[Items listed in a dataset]
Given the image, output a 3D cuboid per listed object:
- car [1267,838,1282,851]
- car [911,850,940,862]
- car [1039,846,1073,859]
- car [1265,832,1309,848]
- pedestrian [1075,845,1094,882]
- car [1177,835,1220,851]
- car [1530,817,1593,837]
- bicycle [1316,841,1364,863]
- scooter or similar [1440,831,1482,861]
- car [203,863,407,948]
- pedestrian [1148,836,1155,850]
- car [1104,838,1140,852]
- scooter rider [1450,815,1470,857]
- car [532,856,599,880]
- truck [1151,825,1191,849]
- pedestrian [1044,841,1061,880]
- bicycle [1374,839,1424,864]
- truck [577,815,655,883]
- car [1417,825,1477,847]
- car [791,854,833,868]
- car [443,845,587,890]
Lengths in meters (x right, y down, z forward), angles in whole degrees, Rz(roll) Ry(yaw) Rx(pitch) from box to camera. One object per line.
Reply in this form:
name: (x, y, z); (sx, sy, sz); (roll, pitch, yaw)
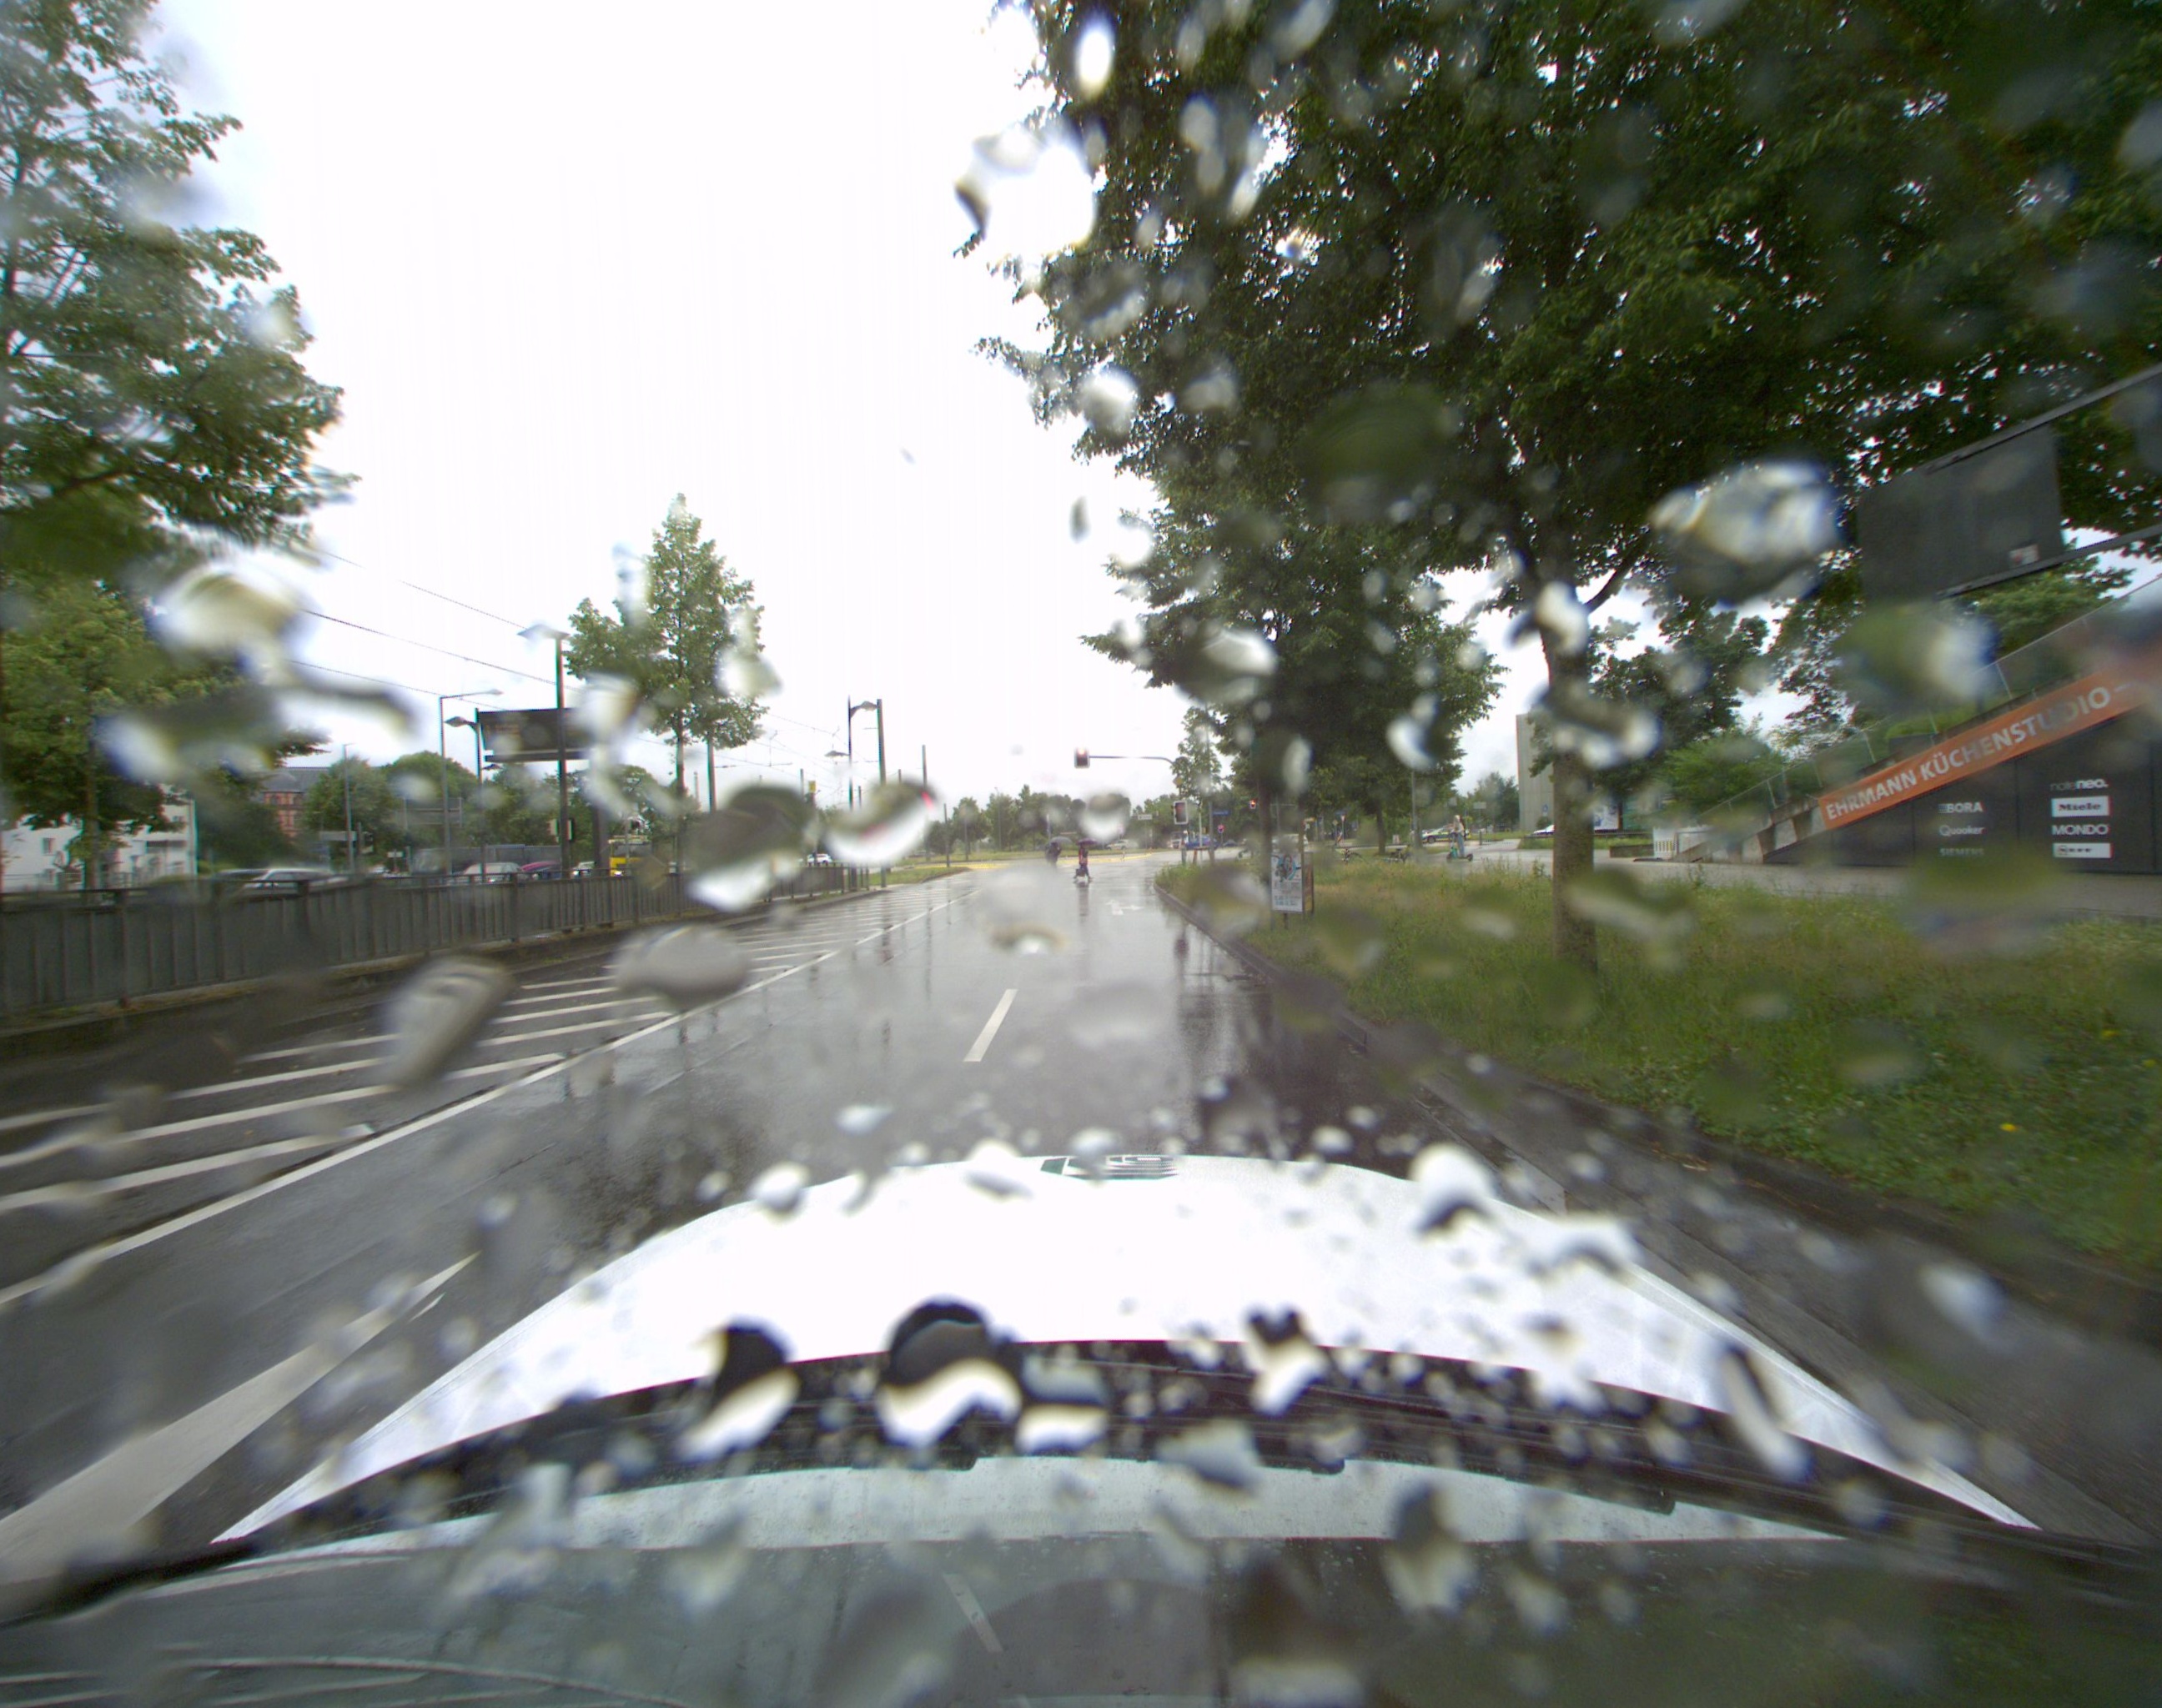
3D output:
car: (22.831, -1.160, 96.057); (1.606, 1.454, 4.003); (-2, 1, 14)
car: (-20.761, 0.285, 108.687); (3.459, 1.543, 1.622); (0, 0, 1)
car: (-3.129, -0.152, 102.857); (3.940, 1.454, 1.632); (-2, 1, 22)
car: (20.066, -1.344, 79.381); (3.938, 1.454, 1.633); (-2, 1, 24)
pedestrian: (0.138, 0.401, 33.380); (0.678, 1.460, 0.573); (-3, 0, -3)
car: (12.019, -1.100, 83.400); (3.936, 1.454, 1.634); (-1, 1, 38)
car: (45.260, -2.541, 76.769); (4.731, 1.851, 2.005); (0, 0, 9)
bicycle: (9.381, -0.079, 29.526); (0.382, 0.787, 1.841); (0, 0, -32)
scooter or similar: (15.796, -0.325, 33.889); (1.582, 1.259, 0.447); (0, 0, -5)
car: (-21.613, 1.349, 22.940); (1.750, 2.013, 4.002); (-2, 1, 2)
pedestrian: (6.921, -1.062, 79.598); (0.448, 1.304, 0.489); (-1, 1, 40)
car: (4.755, -1.010, 94.985); (4.061, 1.454, 1.633); (-1, 1, 44)
scooter rider: (15.768, -0.728, 33.881); (0.530, 1.709, 0.433); (-3, 0, -5)
car: (-38.913, 1.039, 61.510); (4.352, 1.627, 2.011); (-2, 1, 21)
truck: (11.049, -2.021, 99.074); (2.439, 2.686, 8.105); (0, 0, 25)
pedestrian: (-1.113, 0.244, 32.278); (0.619, 1.522, 0.741); (0, 1, 0)
bicycle: (10.431, -0.081, 26.768); (0.453, 0.787, 1.999); (0, 0, -15)
truck: (-28.529, -0.306, 49.747); (2.709, 3.777, 9.077); (0, 0, -39)
car: (34.431, -1.702, 76.631); (4.741, 1.851, 2.001); (-2, 1, 2)
car: (-32.369, 0.827, 98.016); (4.634, 1.454, 1.609); (-3, 1, -28)
car: (-51.557, 1.116, 74.761); (2.427, 3.721, 11.025); (-4, -1, 24)

## Exercise goal
Your job is to transcribe the records exactly and in full. Pictures are not part of the copy.

## Exercise answer
Given the image, output a 3D cuboid per listed object:
- car [1267,838,1282,851]
- car [911,850,940,862]
- car [1039,846,1073,859]
- car [1265,832,1309,848]
- pedestrian [1075,845,1094,882]
- car [1177,835,1220,851]
- car [1530,817,1593,837]
- bicycle [1316,841,1364,863]
- scooter or similar [1440,831,1482,861]
- car [203,863,407,948]
- pedestrian [1148,836,1155,850]
- car [1104,838,1140,852]
- scooter rider [1450,815,1470,857]
- car [532,856,599,880]
- truck [1151,825,1191,849]
- pedestrian [1044,841,1061,880]
- bicycle [1374,839,1424,864]
- truck [577,815,655,883]
- car [1417,825,1477,847]
- car [791,854,833,868]
- car [443,845,587,890]
Lengths in meters (x right, y down, z forward), angles in whole degrees, Rz(roll) Ry(yaw) Rx(pitch) from box to camera. One object per line.
Reply in this form:
name: (x, y, z); (sx, sy, sz); (roll, pitch, yaw)
3D output:
car: (22.831, -1.160, 96.057); (1.606, 1.454, 4.003); (-2, 1, 14)
car: (-20.761, 0.285, 108.687); (3.459, 1.543, 1.622); (0, 0, 1)
car: (-3.129, -0.152, 102.857); (3.940, 1.454, 1.632); (-2, 1, 22)
car: (20.066, -1.344, 79.381); (3.938, 1.454, 1.633); (-2, 1, 24)
pedestrian: (0.138, 0.401, 33.380); (0.678, 1.460, 0.573); (-3, 0, -3)
car: (12.019, -1.100, 83.400); (3.936, 1.454, 1.634); (-1, 1, 38)
car: (45.260, -2.541, 76.769); (4.731, 1.851, 2.005); (0, 0, 9)
bicycle: (9.381, -0.079, 29.526); (0.382, 0.787, 1.841); (0, 0, -32)
scooter or similar: (15.796, -0.325, 33.889); (1.582, 1.259, 0.447); (0, 0, -5)
car: (-21.613, 1.349, 22.940); (1.750, 2.013, 4.002); (-2, 1, 2)
pedestrian: (6.921, -1.062, 79.598); (0.448, 1.304, 0.489); (-1, 1, 40)
car: (4.755, -1.010, 94.985); (4.061, 1.454, 1.633); (-1, 1, 44)
scooter rider: (15.768, -0.728, 33.881); (0.530, 1.709, 0.433); (-3, 0, -5)
car: (-38.913, 1.039, 61.510); (4.352, 1.627, 2.011); (-2, 1, 21)
truck: (11.049, -2.021, 99.074); (2.439, 2.686, 8.105); (0, 0, 25)
pedestrian: (-1.113, 0.244, 32.278); (0.619, 1.522, 0.741); (0, 1, 0)
bicycle: (10.431, -0.081, 26.768); (0.453, 0.787, 1.999); (0, 0, -15)
truck: (-28.529, -0.306, 49.747); (2.709, 3.777, 9.077); (0, 0, -39)
car: (34.431, -1.702, 76.631); (4.741, 1.851, 2.001); (-2, 1, 2)
car: (-32.369, 0.827, 98.016); (4.634, 1.454, 1.609); (-3, 1, -28)
car: (-51.557, 1.116, 74.761); (2.427, 3.721, 11.025); (-4, -1, 24)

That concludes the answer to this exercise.